Acorn User


Music Maker

Author: Jeffery Pike
Publisher: FSoft
Machine: BBC B/B+/Master 128

 
Published in Acorn User #041

Clever sounding off

Music Maker

This is not one but two sophisticated programs in one package. It's not possible to jump back and forth between the two, so you need to make the most of the first, 'The Sound', and to save the data you generate with it, before moving on to the second, 'The Player'.

'The Sound' is an attractive envelope generator program. It supplies sixteen preset envelope shapes and allows you to fiddle around with them or invent new ones. You fiddle using the function keys (a clear, detailed key strip is provided), the cursor keys and Copy. As you change various parameters, the new values are displayed numerically and an excellent four-colour graph shows just what's happening to your envelope shape. (For clarity, there are two graphs, one for the pitch parameters, another for amplitude.)
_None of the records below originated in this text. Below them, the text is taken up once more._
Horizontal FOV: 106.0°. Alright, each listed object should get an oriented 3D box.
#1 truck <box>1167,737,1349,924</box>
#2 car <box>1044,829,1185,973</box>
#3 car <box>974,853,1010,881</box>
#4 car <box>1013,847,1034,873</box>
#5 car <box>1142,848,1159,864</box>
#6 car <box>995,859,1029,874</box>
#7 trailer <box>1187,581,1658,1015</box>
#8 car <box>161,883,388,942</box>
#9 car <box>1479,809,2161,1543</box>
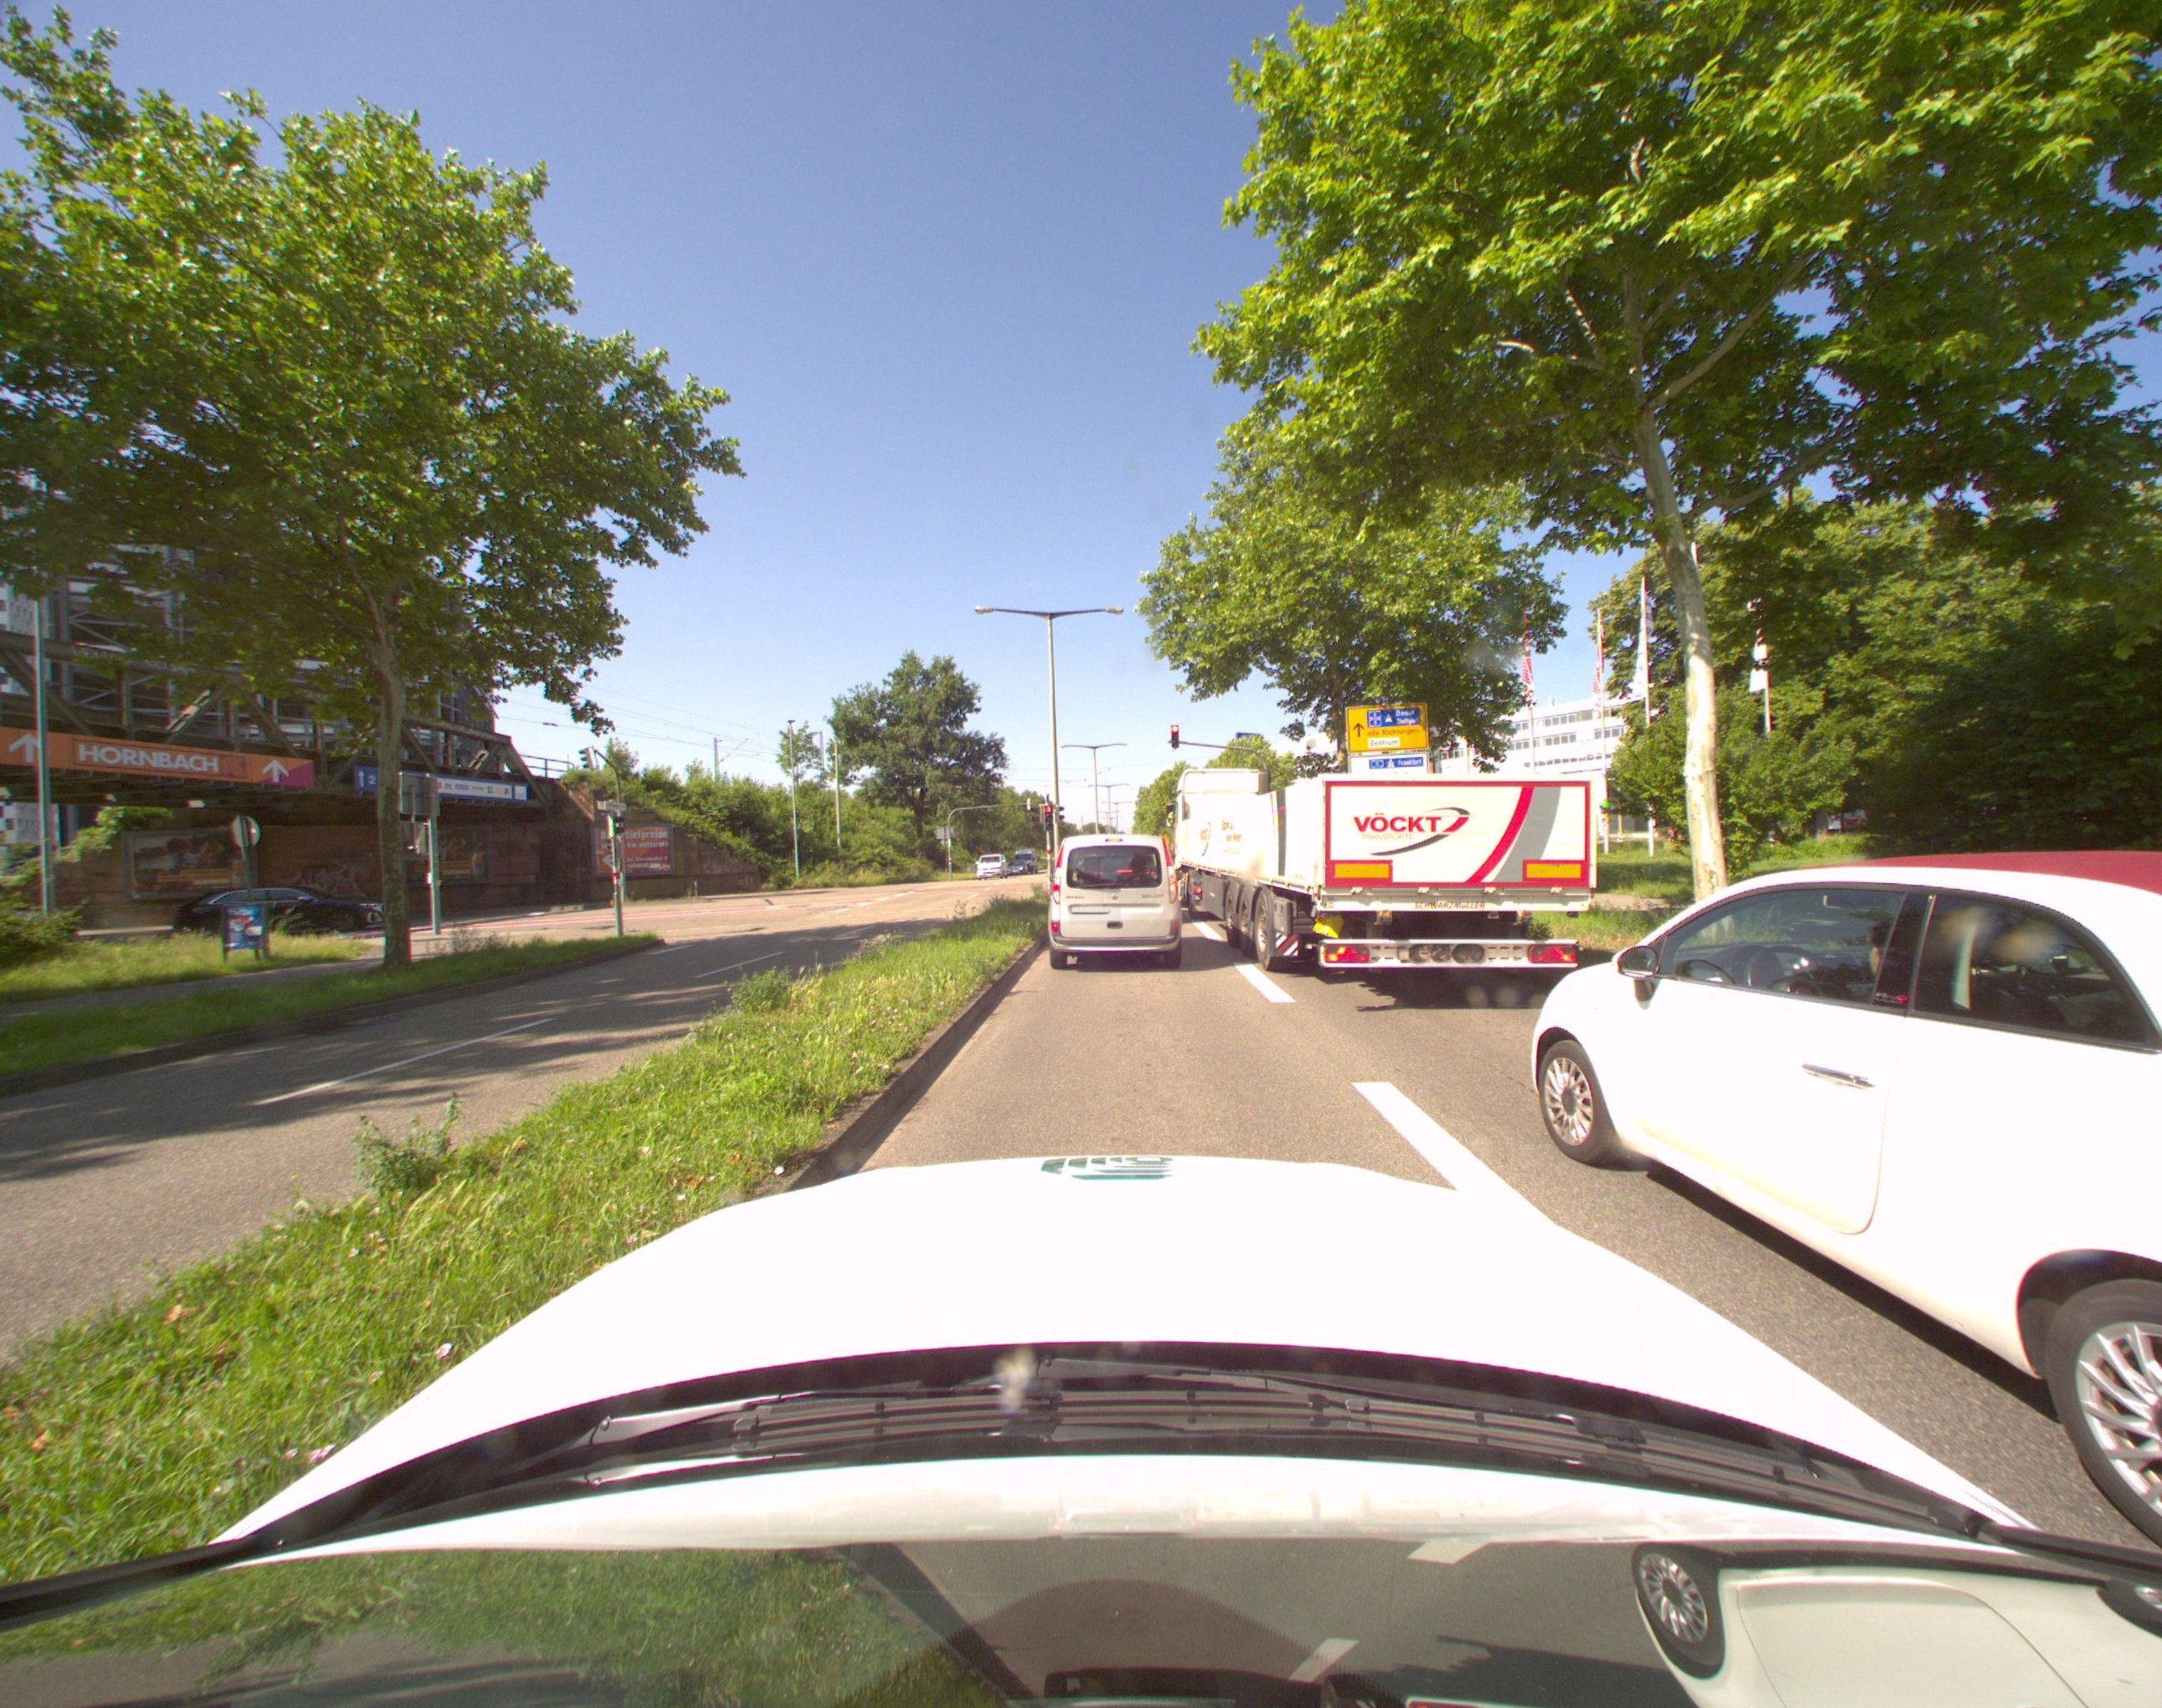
[{"bbox_3d":[4.016,-0.460,20.389,3.060,3.758,7.478,-1,0,2],"label":"truck"},{"bbox_3d":[0.493,0.596,12.187,1.742,1.772,3.951,-1,0,2],"label":"car"},{"bbox_3d":[-6.746,0.957,62.387,1.986,1.891,4.989,-4,0,2],"label":"car"},{"bbox_3d":[-6.027,0.668,85.757,2.055,2.614,5.861,-1,0,-4],"label":"car"},{"bbox_3d":[9.083,0.302,106.303,1.986,2.014,4.001,-1,0,2],"label":"car"},{"bbox_3d":[-6.528,1.174,76.699,1.920,1.409,4.193,-1,0,-25],"label":"car"},{"bbox_3d":[3.776,-0.454,13.253,3.004,3.740,12.248,-1,0,3],"label":"trailer"},{"bbox_3d":[-26.096,1.828,26.654,5.074,1.596,1.510,-1,-1,-35],"label":"car"},{"bbox_3d":[3.021,0.621,2.903,1.654,1.436,3.523,-1,0,4],"label":"car"}]

For anyone still struggling to understand exactly what the Beeb's fourteen envelope parameters actually do, this program gives as clear an idea as anything I've seen, for not only are the envelope shapes displayed graphically, you can play the note you've created using your Beeb as a sort of synthesiser keyboard: white notes on the keys from CAPS LOCK to RETURN, black notes between TAB and £. It's polyphonic, too, using all three tone generators to enable you to play chords and another row of keys (Z to ,) for noises from channel 0.

The menu allows you to store your new envelope in any one of the remaining fifteen locations, to summon up one of the others, to save envelops you've created on tape or disc, to load new ones, and finally to jump to the second program, 'The Player'. But don't jump until you're ready. It's impossible to get back into 'The Sound' without reloading from the beginning - which is particularly tedious when using cassette.

Once you've set yourself up with sixteen delightful envelopes (and yours couldn't be any worse than the sixteen supplied with the software), you're ready to make music with them. 'The Player' retains the synthesiser keyboard effect, but this time as you play notes, they appear displayed on two musical staves (treble and bass clefs), romping across the screen from right to left. The speed at which they travel is adjustable, and you can play with or without a metronome ticking out the tempo.

You can still play polyphonic chords and choose between the sixteen envelopes you have on board. In fact, you can use two at the same time by 'splitting' the keyboard at the note of your choice - for example, anything you play above middle C is envelope 12. The bottom row of keys still operate channel 0, so various percussive effects can be thrown in for good measure.

It's not easy to play satisfactory music 'live' (qwerty keyboards weren't designed for that), but it's only a short step from playing music to 'recording' it with the Sequencer. This allows you to store tunes of considerable length (up to 1024 beats of the metronome), one channel at a time, then to record another 'track' as the first one plays back, then another on top of that - plus a percussion track on channel 0 if you wish. If you make a mistake, individual notes on individual channels can be deleted, inserted, or altered for pitch or duration. Finally, when you've created a 1024-beat, four-voice masterpiece, you can save the whole sequence on tape or disc.

If that sounds like a lot of complicated operations, it is. But writing polyphonic music is a complicated operation however you do it and the Beeb's sound facilities wouldn't be so interesting if they weren't so complex. Of all the current software designed to 'reord' three or four-channel music on the BBC Micro, this program is perhaps aimed particularly at the musician. Not only do you enter your notes by 'playing' the keyboard, rather than digitally, you also see something like the written melody on the screen, which helps if you're familiar with written music.

Congratulations to the author, Geraint Wiggins, for two clever and practical programs, a clear and informative instruction booklet - and a quite brilliant example piece for the Sequencer, to demonstrate just what is possible.